For requirements, this can be installed from the project directory via pip's setup command:

`pip install -r requirements.txt # =< python3.12 `

### Start Flow

Run the command to start the prefect workflow orchestration:

`prefect server start # Start prefect engine and UI i.e. http://localhost:4200/`

The prefect orchestration platform is required to start the scheduling, from the prefect ui, you can run and monitor the data flows.
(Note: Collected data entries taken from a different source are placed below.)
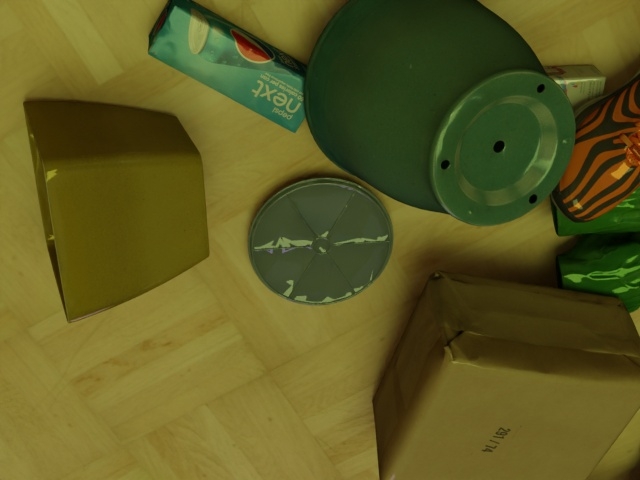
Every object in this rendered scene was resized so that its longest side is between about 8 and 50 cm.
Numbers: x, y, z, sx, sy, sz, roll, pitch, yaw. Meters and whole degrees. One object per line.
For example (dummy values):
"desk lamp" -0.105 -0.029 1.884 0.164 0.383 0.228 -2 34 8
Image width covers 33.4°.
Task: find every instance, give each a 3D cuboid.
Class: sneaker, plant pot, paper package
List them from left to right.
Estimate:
"plant pot" -0.247 -0.054 1.316 0.187 0.212 0.212 -11 120 -16
"plant pot" 0.154 -0.148 1.246 0.272 0.255 0.271 -12 120 -21
"paper package" 0.256 0.220 1.499 0.310 0.168 0.324 9 133 -12
"sneaker" 0.423 -0.150 1.301 0.124 0.180 0.321 45 78 -16

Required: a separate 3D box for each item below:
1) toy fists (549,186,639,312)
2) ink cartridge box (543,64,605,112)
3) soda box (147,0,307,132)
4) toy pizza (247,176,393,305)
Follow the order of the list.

Run the command to start the data app.

`python src/flows.py # Start backend`

`streamlit run app/dashboard.py # Start frontend i.e. http://localhost:8501/`

## ETL Flow

ETL flow data tasks:

+ `Source`: **extracts** NOAA GOES-R GLM file datasets from AWS s3 bucket, default is GOES-18.
+ `Transformations`: **transforms** dataset into time series csv.
+ `Sink`: **loads** dataset to persistant storage.

#### Data Ingestion

Ingests the data needed based on specified time window: start and end dates.

##### Data Processes

+ `extract`: downloads NOAA GOES-R GLM netCDF4 files from AWS s3 bucket.
+ `transform`: converts GLM netCDF into time and geo series CSVs.
+ `load`: loads CSVs to a local backend, persistant SQLite with Spatialite extension.

## Clustering Flow

#### Cluster Analysis

Performs grouping of the ingested data by implementing K-Means clustering algorithm.

##### Data Tasks

+ `preprocessor`: prepares the data for cluster model, clean and normalize the data.
+ `kmeans_cluster`: fits the data to an implementation of k-means cluster algorithm.
+ `silhouette_evaluator`: evaluates the choice of 'k' clusters by calculating the silhouette coefficient for each k in defined range.
+ `elbow_evaluator`: evaluates the choice of 'k' clusters by calculating the sum of the squared distance for each k in defined range.

## Dashboard Map

|An example dashboard of flash event data points
|:--:|
|Lightning containers dashboard|

## Testing

Use the following command to run tests:

`pytest`

## CI/CD

This project uses GitHub Actions for CI/CD. The workflow is defined in the `.github/workflows/docker-image.yml` file. This includes:

- Automated testing on pull requests
- Data quality checks on scheduled intervals
- Deployment of updated ml models and Spark jobs to production

## Contributing

Please read [CONTRIBUTING.md](CONTRIBUTING.md) for details on our contributing guidelines and the process for submitting pull requests.

## License

This project is licensed under the Apache 2.0 License - see the [Apache 2.0 License](LICENSE) file for details.

## Acknowledgements

This work would not have been possible without amazing open source software and datasets, including but not limited to:

+ [GLM Dataset from NOAA NESDIS](https://www.star.nesdis.noaa.gov/goesr/documents/ATBDs/Baseline/ATBD_GOES-R_GLM_v3.0_Jul2012.pdf)
+ [Prefect from PrefectHQ](https://docs.prefect.io/api-ref/prefect/)
+ [Streamlit](https://docs.streamlit.io/)
+ Built on the codebase of [Lightning Streams](https://github.com/BayoAdejare/lightning-streams).

Thank you to the authors of these software and datasets for making them available to the community!